Questions about operation of pneumatic valves

We are using the standard SMC double solenoid valve sold by VexPro.
We are controlling it using the WPILib DoubleSolenoid Java class.
We are using the controlled piston to hold a latch in place for our catapult.

Issue: When we go over a Stronghold defense roughly, sometimes the solenoid changes state on it’s own, with out being commanded by the software (i.e. - the catapult fires)

Further detail: We latch the catapult by pulsing the solenoid in the “forward” direction for a second or two, and release it by pulsing the solenoid in the “reverse” direction, again for only a second or two. At all other times, including when the catapult is latched, the solenoid is set in the “off” position, with the understanding that the valve is piloted, and should hold its last position even when the solenoid is unpowered.

The solenoid definitely switches position, as after the misfire, the latch is fully moved to the unlatched position (and is held there by air pressure). So this is not a case of the latch simply “slipping its grip”.

Question 1: Is it possible for a mechanical shock (such as might be caused by going over a Stronghold defense) to cause the unpowered piloted valve to be jarred sufficiently to actually switch positions? Or should we be looking more at the electronics as a possible culprit?

Question 2+: What are the pros and cons of “pulsing” a double solenoid versus just keeping it powered in the desired direction? Would it be possible for 8 continually-powered solenoids on the PCM to exceed the max 500mA current rating of the PCM? (We are only using three right now). Does keeping the solenoid constantly powered shorten its life in any appreciable way?

Thanks for your ideas!

SMC Specification sheet for the series of solenoids you are using:

It looks like each solenoid will use at most 0.45 watts. I don’t think keeping the solenoid powered will notably reduce the lifespan of the solenoid valve.

We exclusively use single action solenoids and leave them powered for significant portions of the match. We have observed that when hitting a defense hard it will momentarily pulse the solenoid. I suspect that it might actually be hitting it with enough force to pop the spool back, but I haven’t done any tests to confirm. According to the spec sheet they’re rated for impact (maybe they meant shock?) at 150m/s^2.

SMC solenoids will not be damaged by being continuously powered during the match. We routinely run these (and all our double solenoids) powered in the desired direction (simplifies coding).

Recommend you double check your wiring for any potential short circuits, especially right around the PCM.

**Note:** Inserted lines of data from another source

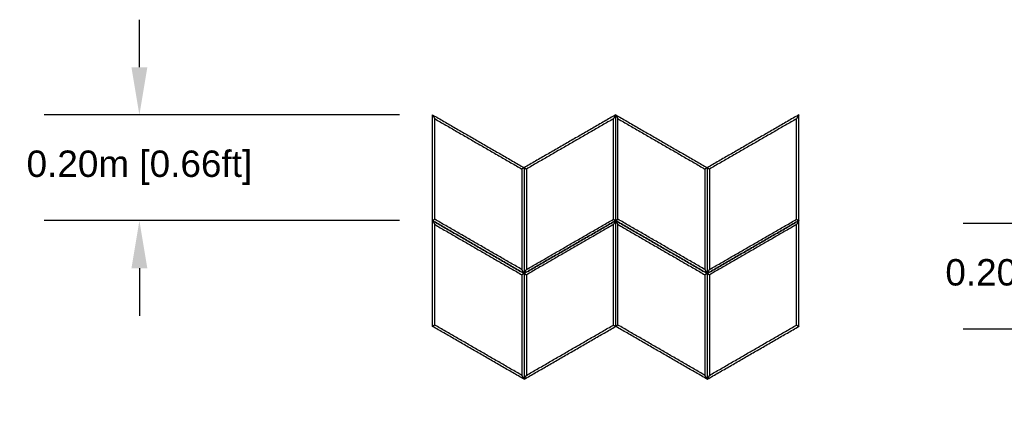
# Model space of a CAD drawing. Header units: millimetres. Extents: x 3130.24 to 3136.88, y 1607.75 to 1610.07.
# Tile 5 of 19: x 3130.24 to 3132.1, y 1609.29 to 1610.06. Entities that reach past the tile are written whole.
import ezdxf

# ---------------------------------------------------------------- set-up
doc = ezdxf.new("R2010")
doc.units = ezdxf.units.MM
doc.layers.add('Make2D$Visible$Curves', color=7, linetype='Continuous', true_color=0x000000)
doc.styles.get("Standard").update_dxf_attribs({"font": 'arial.ttf'})
doc.dimstyles.get("Standard").update_dxf_attribs({"dimtxt": 0.18, "dimasz": 0.18, "dimexe": 0.18, "dimexo": 0.0625, "dimgap": 0.09, "dimtad": 0, "dimtih": 1, "dimtoh": 1, "dimdec": 4, "dimzin": 0, "dimdsep": 46, "dimtxsty": 'Standard', "dimcen": 0.09, "dimadec": 0, "dimazin": 0, "dimtfac": 1, "dimtdec": 4, "dimtofl": 0, "dimtmove": 0, "dimatfit": 3, "dimfxl": 1, "dimtolj": 1, "dimtzin": 0, "dimarcsym": 0})

# ---------------------------------------------------------------- blocks, each defined once
blk = doc.blocks.new('*D1')
at = {"color": 0, "lineweight": -2, "transparency": 16777216}
for p, q in [((3130.4623, 1609.9696), (3130.4623, 1610.0596)), ((3130.9546, 1609.8796), (3130.2823, 1609.8796)), ((3130.9546, 1609.6795), (3130.2823, 1609.6795)), ((3130.4623, 1609.5895), (3130.4623, 1609.4995))]:
    blk.add_line(p, q, dxfattribs=at)
at = {"color": 0, "transparency": 16777216}
for points in [[(3130.4473, 1609.9696), (3130.4773, 1609.9696), (3130.4623, 1609.8796)], [(3130.4473, 1609.5895), (3130.4773, 1609.5895), (3130.4623, 1609.6795)]]:
    blk.add_solid(points, dxfattribs=at)
at = {"layer": 'Defpoints', "color": 0, "transparency": 16777216}
for p in [(3131.0171, 1609.8796), (3130.4623, 1609.6795), (3131.0171, 1609.6795)]:
    blk.add_point(p, dxfattribs=at)
at = {"color": 0, "transparency": 16777216, "insert": (3130.4623, 1609.7796), "char_height": 0.1, "attachment_point": 5}
blk.add_mtext('\\A1;{\\H0.5x;0.20m [0.66ft]}', dxfattribs=at)
blk = doc.blocks.new('*D4')
at = {"color": 0, "lineweight": -2, "transparency": 16777216}
for p, q in [((3132.2011, 1609.7643), (3132.2011, 1609.8543)), ((3132.5248, 1609.6743), (3132.0211, 1609.6743)), ((3132.5248, 1609.4742), (3132.0211, 1609.4742)), ((3132.2011, 1609.3842), (3132.2011, 1609.2942))]:
    blk.add_line(p, q, dxfattribs=at)
at = {"color": 0, "transparency": 16777216}
for points in [[(3132.1861, 1609.7643), (3132.2161, 1609.7643), (3132.2011, 1609.6743)], [(3132.1861, 1609.3842), (3132.2161, 1609.3842), (3132.2011, 1609.4742)]]:
    blk.add_solid(points, dxfattribs=at)
at = {"layer": 'Defpoints', "color": 0, "transparency": 16777216}
for p in [(3132.5873, 1609.6743), (3132.2011, 1609.4742), (3132.5873, 1609.4742)]:
    blk.add_point(p, dxfattribs=at)
at = {"color": 0, "transparency": 16777216, "insert": (3132.2011, 1609.5742), "char_height": 0.1, "attachment_point": 5}
blk.add_mtext('\\A1;{\\H0.5x;0.20m [0.66ft]}', dxfattribs=at)
blk = doc.blocks.new('Cissus1')
at = {"layer": 'Make2D$Visible$Curves', "color": 18, "lineweight": -3, "true_color": 0x000000}
for points, degree in [([(3131.0171, 1609.6795), (3131.0171, 1609.7796), (3131.0171, 1609.8796)], 2), ([(3131.0171, 1609.8796), (3131.1037, 1609.8296), (3131.1904, 1609.7796)], 2), ([(3131.0171, 1609.8796), (3131.0173, 1609.8793), (3131.0176, 1609.8788), (3131.0181, 1609.878), (3131.0185, 1609.8771), (3131.019, 1609.8763), (3131.0195, 1609.8755), (3131.02, 1609.8747), (3131.0204, 1609.8738), (3131.0209, 1609.873), (3131.0212, 1609.8724), (3131.0214, 1609.8722)], 3), ([(3131.3637, 1609.8796), (3131.277, 1609.8296), (3131.1904, 1609.7796)], 2), ([(3131.3637, 1609.8796), (3131.3635, 1609.8793), (3131.3632, 1609.8788), (3131.3627, 1609.878), (3131.3622, 1609.8771), (3131.3618, 1609.8763), (3131.3613, 1609.8755), (3131.3608, 1609.8747), (3131.3603, 1609.8738), (3131.3598, 1609.873), (3131.3595, 1609.8724), (3131.3594, 1609.8722)], 3), ([(3131.3637, 1609.6795), (3131.3637, 1609.7796), (3131.3637, 1609.8796)], 2), ([(3131.3637, 1609.6795), (3131.3637, 1609.7796), (3131.3637, 1609.8796)], 2), ([(3131.3637, 1609.8796), (3131.4503, 1609.8296), (3131.537, 1609.7796)], 2), ([(3131.3637, 1609.8796), (3131.3638, 1609.8793), (3131.3641, 1609.8788), (3131.3646, 1609.878), (3131.3651, 1609.8771), (3131.3656, 1609.8763), (3131.3661, 1609.8755), (3131.3665, 1609.8747), (3131.367, 1609.8738), (3131.3675, 1609.873), (3131.3678, 1609.8724), (3131.368, 1609.8722)], 3), ([(3131.7102, 1609.8796), (3131.6236, 1609.8296), (3131.537, 1609.7796)], 2), ([(3131.7102, 1609.8796), (3131.7101, 1609.8793), (3131.7098, 1609.8788), (3131.7093, 1609.878), (3131.7088, 1609.8771), (3131.7083, 1609.8763), (3131.7078, 1609.8755), (3131.7074, 1609.8747), (3131.7069, 1609.8738), (3131.7064, 1609.873), (3131.7061, 1609.8724), (3131.7059, 1609.8722)], 3), ([(3131.7102, 1609.6795), (3131.7102, 1609.7796), (3131.7102, 1609.8796)], 2), ([(3131.0214, 1609.682), (3131.0214, 1609.7771), (3131.0214, 1609.8722)], 2), ([(3131.0214, 1609.8722), (3131.1037, 1609.8246), (3131.1861, 1609.7771)], 2), ([(3131.3594, 1609.8722), (3131.277, 1609.8246), (3131.1947, 1609.7771)], 2), ([(3131.3594, 1609.682), (3131.3594, 1609.7771), (3131.3594, 1609.8722)], 2), ([(3131.368, 1609.682), (3131.368, 1609.7771), (3131.368, 1609.8722)], 2), ([(3131.368, 1609.8722), (3131.4503, 1609.8246), (3131.5327, 1609.7771)], 2), ([(3131.7059, 1609.8722), (3131.6236, 1609.8246), (3131.5412, 1609.7771)], 2), ([(3131.7059, 1609.682), (3131.7059, 1609.7771), (3131.7059, 1609.8722)], 2), ([(3131.1904, 1609.7796), (3131.1902, 1609.7795), (3131.1899, 1609.7793), (3131.1894, 1609.779), (3131.1889, 1609.7787), (3131.1885, 1609.7785), (3131.188, 1609.7782), (3131.1875, 1609.7779), (3131.187, 1609.7776), (3131.1866, 1609.7774), (3131.1862, 1609.7772), (3131.1861, 1609.7771)], 3), ([(3131.1861, 1609.7771), (3131.1861, 1609.682), (3131.1861, 1609.5869)], 2), ([(3131.1904, 1609.7796), (3131.1904, 1609.6795), (3131.1904, 1609.5795)], 2), ([(3131.1904, 1609.7796), (3131.1905, 1609.7795), (3131.1909, 1609.7793), (3131.1913, 1609.779), (3131.1918, 1609.7787), (3131.1923, 1609.7785), (3131.1928, 1609.7782), (3131.1932, 1609.7779), (3131.1937, 1609.7776), (3131.1942, 1609.7774), (3131.1945, 1609.7772), (3131.1947, 1609.7771)], 3), ([(3131.1904, 1609.7796), (3131.1904, 1609.6795), (3131.1904, 1609.5795)], 2), ([(3131.1947, 1609.7771), (3131.1947, 1609.682), (3131.1947, 1609.5869)], 2), ([(3131.537, 1609.7796), (3131.5368, 1609.7795), (3131.5365, 1609.7793), (3131.536, 1609.779), (3131.5355, 1609.7787), (3131.535, 1609.7785), (3131.5346, 1609.7782), (3131.5341, 1609.7779), (3131.5336, 1609.7776), (3131.5331, 1609.7774), (3131.5328, 1609.7772), (3131.5327, 1609.7771)], 3), ([(3131.5327, 1609.7771), (3131.5327, 1609.682), (3131.5327, 1609.5869)], 2), ([(3131.537, 1609.7796), (3131.537, 1609.6795), (3131.537, 1609.5795)], 2), ([(3131.537, 1609.7796), (3131.537, 1609.6795), (3131.537, 1609.5795)], 2), ([(3131.537, 1609.7796), (3131.5371, 1609.7795), (3131.5374, 1609.7793), (3131.5379, 1609.779), (3131.5384, 1609.7787), (3131.5389, 1609.7785), (3131.5393, 1609.7782), (3131.5398, 1609.7779), (3131.5403, 1609.7776), (3131.5408, 1609.7774), (3131.5411, 1609.7772), (3131.5412, 1609.7771)], 3), ([(3131.5412, 1609.7771), (3131.5412, 1609.682), (3131.5412, 1609.5869)], 2), ([(3131.0214, 1609.682), (3131.0212, 1609.6819), (3131.0209, 1609.6817), (3131.0204, 1609.6815), (3131.02, 1609.6812), (3131.0195, 1609.6809), (3131.019, 1609.6806), (3131.0185, 1609.6803), (3131.0181, 1609.6801), (3131.0176, 1609.6798), (3131.0173, 1609.6796), (3131.0171, 1609.6795)], 3), ([(3131.0171, 1609.4794), (3131.0171, 1609.5795), (3131.0171, 1609.6795)], 2), ([(3131.0171, 1609.6795), (3131.1037, 1609.6295), (3131.1904, 1609.5795)], 2), ([(3131.0171, 1609.6795), (3131.0173, 1609.6792), (3131.0176, 1609.6787), (3131.0181, 1609.6779), (3131.0185, 1609.677), (3131.019, 1609.6762), (3131.0195, 1609.6754), (3131.02, 1609.6746), (3131.0204, 1609.6737), (3131.0209, 1609.6729), (3131.0212, 1609.6724), (3131.0214, 1609.6721)], 3), ([(3131.1904, 1609.5795), (3131.1037, 1609.6295), (3131.0171, 1609.6795)], 2), ([(3131.1861, 1609.5869), (3131.1037, 1609.6345), (3131.0214, 1609.682)], 2), ([(3131.0214, 1609.4819), (3131.0214, 1609.577), (3131.0214, 1609.6721)], 2), ([(3131.0214, 1609.6721), (3131.1037, 1609.6245), (3131.1861, 1609.577)], 2), ([(3131.3637, 1609.6795), (3131.277, 1609.6295), (3131.1904, 1609.5795)], 2), ([(3131.1904, 1609.5795), (3131.277, 1609.6295), (3131.3637, 1609.6795)], 2), ([(3131.1947, 1609.5869), (3131.277, 1609.6345), (3131.3594, 1609.682)], 2), ([(3131.3594, 1609.6721), (3131.277, 1609.6245), (3131.1947, 1609.577)], 2), ([(3131.3594, 1609.682), (3131.3595, 1609.6819), (3131.3598, 1609.6817), (3131.3603, 1609.6815), (3131.3608, 1609.6812), (3131.3613, 1609.6809), (3131.3618, 1609.6806), (3131.3622, 1609.6803), (3131.3627, 1609.6801), (3131.3632, 1609.6798), (3131.3635, 1609.6796), (3131.3637, 1609.6795)], 3), ([(3131.3637, 1609.6795), (3131.3635, 1609.6792), (3131.3632, 1609.6787), (3131.3627, 1609.6779), (3131.3622, 1609.677), (3131.3618, 1609.6762), (3131.3613, 1609.6754), (3131.3608, 1609.6746), (3131.3603, 1609.6737), (3131.3598, 1609.6729), (3131.3595, 1609.6724), (3131.3594, 1609.6721)], 3), ([(3131.3594, 1609.4819), (3131.3594, 1609.577), (3131.3594, 1609.6721)], 2), ([(3131.368, 1609.682), (3131.3678, 1609.6819), (3131.3675, 1609.6817), (3131.367, 1609.6815), (3131.3665, 1609.6812), (3131.3661, 1609.6809), (3131.3656, 1609.6806), (3131.3651, 1609.6803), (3131.3646, 1609.6801), (3131.3641, 1609.6798), (3131.3638, 1609.6796), (3131.3637, 1609.6795)], 3), ([(3131.3637, 1609.4794), (3131.3637, 1609.5795), (3131.3637, 1609.6795)], 2), ([(3131.3637, 1609.4794), (3131.3637, 1609.5795), (3131.3637, 1609.6795)], 2), ([(3131.3637, 1609.6795), (3131.4503, 1609.6295), (3131.537, 1609.5795)], 2), ([(3131.3637, 1609.6795), (3131.3638, 1609.6792), (3131.3641, 1609.6787), (3131.3646, 1609.6779), (3131.3651, 1609.677), (3131.3656, 1609.6762), (3131.3661, 1609.6754), (3131.3665, 1609.6746), (3131.367, 1609.6737), (3131.3675, 1609.6729), (3131.3678, 1609.6724), (3131.368, 1609.6721)], 3), ([(3131.537, 1609.5795), (3131.4503, 1609.6295), (3131.3637, 1609.6795)], 2), ([(3131.5327, 1609.5869), (3131.4503, 1609.6345), (3131.368, 1609.682)], 2), ([(3131.368, 1609.4819), (3131.368, 1609.577), (3131.368, 1609.6721)], 2), ([(3131.368, 1609.6721), (3131.4503, 1609.6245), (3131.5327, 1609.577)], 2), ([(3131.7102, 1609.6795), (3131.6236, 1609.6295), (3131.537, 1609.5795)], 2), ([(3131.537, 1609.5795), (3131.6236, 1609.6295), (3131.7102, 1609.6795)], 2), ([(3131.5412, 1609.5869), (3131.6236, 1609.6345), (3131.7059, 1609.682)], 2), ([(3131.7059, 1609.6721), (3131.6236, 1609.6245), (3131.5412, 1609.577)], 2), ([(3131.7059, 1609.682), (3131.7061, 1609.6819), (3131.7064, 1609.6817), (3131.7069, 1609.6815), (3131.7074, 1609.6812), (3131.7078, 1609.6809), (3131.7083, 1609.6806), (3131.7088, 1609.6803), (3131.7093, 1609.6801), (3131.7098, 1609.6798), (3131.7101, 1609.6796), (3131.7102, 1609.6795)], 3), ([(3131.7102, 1609.6795), (3131.7101, 1609.6792), (3131.7098, 1609.6787), (3131.7093, 1609.6779), (3131.7088, 1609.677), (3131.7083, 1609.6762), (3131.7078, 1609.6754), (3131.7074, 1609.6746), (3131.7069, 1609.6737), (3131.7064, 1609.6729), (3131.7061, 1609.6724), (3131.7059, 1609.6721)], 3), ([(3131.7059, 1609.4819), (3131.7059, 1609.577), (3131.7059, 1609.6721)], 2), ([(3131.7102, 1609.4794), (3131.7102, 1609.5795), (3131.7102, 1609.6795)], 2), ([(3131.1904, 1609.5795), (3131.1902, 1609.5798), (3131.1899, 1609.5803), (3131.1894, 1609.5811), (3131.1889, 1609.582), (3131.1885, 1609.5828), (3131.188, 1609.5836), (3131.1875, 1609.5844), (3131.187, 1609.5853), (3131.1866, 1609.5861), (3131.1862, 1609.5866), (3131.1861, 1609.5869)], 3), ([(3131.1904, 1609.5795), (3131.1902, 1609.5794), (3131.1899, 1609.5792), (3131.1894, 1609.5789), (3131.1889, 1609.5786), (3131.1885, 1609.5784), (3131.188, 1609.5781), (3131.1875, 1609.5778), (3131.187, 1609.5775), (3131.1866, 1609.5773), (3131.1862, 1609.5771), (3131.1861, 1609.577)], 3), ([(3131.1904, 1609.5795), (3131.1905, 1609.5798), (3131.1909, 1609.5803), (3131.1913, 1609.5811), (3131.1918, 1609.582), (3131.1923, 1609.5828), (3131.1928, 1609.5836), (3131.1932, 1609.5844), (3131.1937, 1609.5853), (3131.1942, 1609.5861), (3131.1945, 1609.5866), (3131.1947, 1609.5869)], 3), ([(3131.1904, 1609.5795), (3131.1904, 1609.4794), (3131.1904, 1609.3794)], 2), ([(3131.1904, 1609.5795), (3131.1905, 1609.5794), (3131.1909, 1609.5792), (3131.1913, 1609.5789), (3131.1918, 1609.5786), (3131.1923, 1609.5784), (3131.1928, 1609.5781), (3131.1932, 1609.5778), (3131.1937, 1609.5775), (3131.1942, 1609.5773), (3131.1945, 1609.5771), (3131.1947, 1609.577)], 3), ([(3131.1904, 1609.5795), (3131.1904, 1609.4794), (3131.1904, 1609.3794)], 2), ([(3131.537, 1609.5795), (3131.5368, 1609.5798), (3131.5365, 1609.5803), (3131.536, 1609.5811), (3131.5355, 1609.582), (3131.535, 1609.5828), (3131.5346, 1609.5836), (3131.5341, 1609.5844), (3131.5336, 1609.5853), (3131.5331, 1609.5861), (3131.5328, 1609.5866), (3131.5327, 1609.5869)], 3), ([(3131.537, 1609.5795), (3131.5368, 1609.5794), (3131.5365, 1609.5792), (3131.536, 1609.5789), (3131.5355, 1609.5786), (3131.535, 1609.5784), (3131.5346, 1609.5781), (3131.5341, 1609.5778), (3131.5336, 1609.5775), (3131.5331, 1609.5773), (3131.5328, 1609.5771), (3131.5327, 1609.577)], 3), ([(3131.537, 1609.5795), (3131.5371, 1609.5798), (3131.5374, 1609.5803), (3131.5379, 1609.5811), (3131.5384, 1609.582), (3131.5389, 1609.5828), (3131.5393, 1609.5836), (3131.5398, 1609.5844), (3131.5403, 1609.5853), (3131.5408, 1609.5861), (3131.5411, 1609.5866), (3131.5412, 1609.5869)], 3), ([(3131.537, 1609.5795), (3131.537, 1609.4794), (3131.537, 1609.3794)], 2), ([(3131.537, 1609.5795), (3131.537, 1609.4794), (3131.537, 1609.3794)], 2), ([(3131.537, 1609.5795), (3131.5371, 1609.5794), (3131.5374, 1609.5792), (3131.5379, 1609.5789), (3131.5384, 1609.5786), (3131.5389, 1609.5784), (3131.5393, 1609.5781), (3131.5398, 1609.5778), (3131.5403, 1609.5775), (3131.5408, 1609.5773), (3131.5411, 1609.5771), (3131.5412, 1609.577)], 3), ([(3131.1861, 1609.577), (3131.1861, 1609.4819), (3131.1861, 1609.3868)], 2), ([(3131.1947, 1609.577), (3131.1947, 1609.4819), (3131.1947, 1609.3868)], 2), ([(3131.5327, 1609.577), (3131.5327, 1609.4819), (3131.5327, 1609.3868)], 2), ([(3131.5412, 1609.577), (3131.5412, 1609.4819), (3131.5412, 1609.3868)], 2), ([(3131.0214, 1609.4819), (3131.0212, 1609.4818), (3131.0209, 1609.4816), (3131.0204, 1609.4814), (3131.02, 1609.4811), (3131.0195, 1609.4808), (3131.019, 1609.4805), (3131.0185, 1609.4803), (3131.0181, 1609.48), (3131.0176, 1609.4797), (3131.0173, 1609.4795), (3131.0171, 1609.4794)], 3), ([(3131.1904, 1609.3794), (3131.1037, 1609.4294), (3131.0171, 1609.4794)], 2), ([(3131.1861, 1609.3868), (3131.1037, 1609.4344), (3131.0214, 1609.4819)], 2), ([(3131.1904, 1609.3794), (3131.277, 1609.4294), (3131.3637, 1609.4794)], 2), ([(3131.1947, 1609.3868), (3131.277, 1609.4344), (3131.3594, 1609.4819)], 2), ([(3131.3594, 1609.4819), (3131.3595, 1609.4818), (3131.3598, 1609.4816), (3131.3603, 1609.4814), (3131.3608, 1609.4811), (3131.3613, 1609.4808), (3131.3618, 1609.4805), (3131.3622, 1609.4803), (3131.3627, 1609.48), (3131.3632, 1609.4797), (3131.3635, 1609.4795), (3131.3637, 1609.4794)], 3), ([(3131.368, 1609.4819), (3131.3678, 1609.4818), (3131.3675, 1609.4816), (3131.367, 1609.4814), (3131.3665, 1609.4811), (3131.3661, 1609.4808), (3131.3656, 1609.4805), (3131.3651, 1609.4803), (3131.3646, 1609.48), (3131.3641, 1609.4797), (3131.3638, 1609.4795), (3131.3637, 1609.4794)], 3), ([(3131.537, 1609.3794), (3131.4503, 1609.4294), (3131.3637, 1609.4794)], 2), ([(3131.5327, 1609.3868), (3131.4503, 1609.4344), (3131.368, 1609.4819)], 2), ([(3131.537, 1609.3794), (3131.6236, 1609.4294), (3131.7102, 1609.4794)], 2), ([(3131.5412, 1609.3868), (3131.6236, 1609.4344), (3131.7059, 1609.4819)], 2), ([(3131.7059, 1609.4819), (3131.7061, 1609.4818), (3131.7064, 1609.4816), (3131.7069, 1609.4814), (3131.7074, 1609.4811), (3131.7078, 1609.4808), (3131.7083, 1609.4805), (3131.7088, 1609.4803), (3131.7093, 1609.48), (3131.7098, 1609.4797), (3131.7101, 1609.4795), (3131.7102, 1609.4794)], 3), ([(3131.1904, 1609.3794), (3131.1902, 1609.3797), (3131.1899, 1609.3802), (3131.1894, 1609.381), (3131.1889, 1609.3819), (3131.1885, 1609.3827), (3131.188, 1609.3835), (3131.1875, 1609.3843), (3131.187, 1609.3852), (3131.1866, 1609.386), (3131.1862, 1609.3866), (3131.1861, 1609.3868)], 3), ([(3131.1904, 1609.3794), (3131.1905, 1609.3797), (3131.1909, 1609.3802), (3131.1913, 1609.381), (3131.1918, 1609.3819), (3131.1923, 1609.3827), (3131.1928, 1609.3835), (3131.1932, 1609.3843), (3131.1937, 1609.3852), (3131.1942, 1609.386), (3131.1945, 1609.3866), (3131.1947, 1609.3868)], 3), ([(3131.537, 1609.3794), (3131.5368, 1609.3797), (3131.5365, 1609.3802), (3131.536, 1609.381), (3131.5355, 1609.3819), (3131.535, 1609.3827), (3131.5346, 1609.3835), (3131.5341, 1609.3843), (3131.5336, 1609.3852), (3131.5331, 1609.386), (3131.5328, 1609.3866), (3131.5327, 1609.3868)], 3), ([(3131.537, 1609.3794), (3131.5371, 1609.3797), (3131.5374, 1609.3802), (3131.5379, 1609.381), (3131.5384, 1609.3819), (3131.5389, 1609.3827), (3131.5393, 1609.3835), (3131.5398, 1609.3843), (3131.5403, 1609.3852), (3131.5408, 1609.386), (3131.5411, 1609.3866), (3131.5412, 1609.3868)], 3)]:
    blk.add_open_spline(points, degree=degree, dxfattribs=at)

msp = doc.modelspace()

# ---------------------------------------------------------------- block references
msp.add_blockref('Cissus1', (0, 0))

# ---------------------------------------------------------------- dimensions: what is measured, and where the dimension line sits
for base, p1, p2, picture, middle in [((3130.4623, 1609.6795), (3131.0171, 1609.8796), (3131.0171, 1609.6795), '*D1', (3130.4623, 1609.7796)), ((3132.2011, 1609.4742), (3132.5873, 1609.6743), (3132.5873, 1609.4742), '*D4', (3132.2011, 1609.5742))]:
    dim = msp.add_linear_dim(base=base, p1=p1, p2=p2, angle=90, text='{\\H0.5x;<>}', dimstyle='Standard', override={"dimtxt": 0.1, "dimasz": 0.09, "dimdec": 2, "dimpost": '<>m'})
    dim.commit()
    dim.dimension.update_dxf_attribs({"geometry": picture, "text_midpoint": middle, "dimtype": 160})

doc.saveas('drawing.dxf')

I would agree with the other posters. In your configuration (double solenoids) you will only have 4 energized at a time (the other 4 are in the other direction). So the power would be less. We have routinely left our solenoids energized to force a mechanism into the hold position with not adverse effects.

A few ideas:
Is this repeatable on you home practice defenses? If so then you have a place to experiment…
What is the orientation of the solenoid valve relative to the shock induced by the field? Can you change this orientation and does it change the behavior?
Can you ‘shock mount’ the solenoid (cable tie it to a hunk of foam to dampen the shock).
If you leave the solenoid energized in the direction that hold the latch closed, does it change the behavior?

Have Fun!

We always use single solenoids unless we need the bi state feature. But yes, as you found out, bouncing a dual solenoid valve just right can cause it to shift. As others suggested, leaving the solenoid energized will stop that behavior. I have solenoids in the plant the stay energized for years without damage.

Most solenoid valves, including the VexPro ones you are using, have a small button to manually switch the state. Is it possible that in the banging around some part pushed that button?

Thanks for all the replies! This is an issue that has just recently appeared, so it could very well be a wiring issue, but now that we know it’s safe to keep the solenoids powered, we’ll try that as a first approach. And knowing that mechanical shock can indeed be an issue, we will try the shock mounting remedy as well.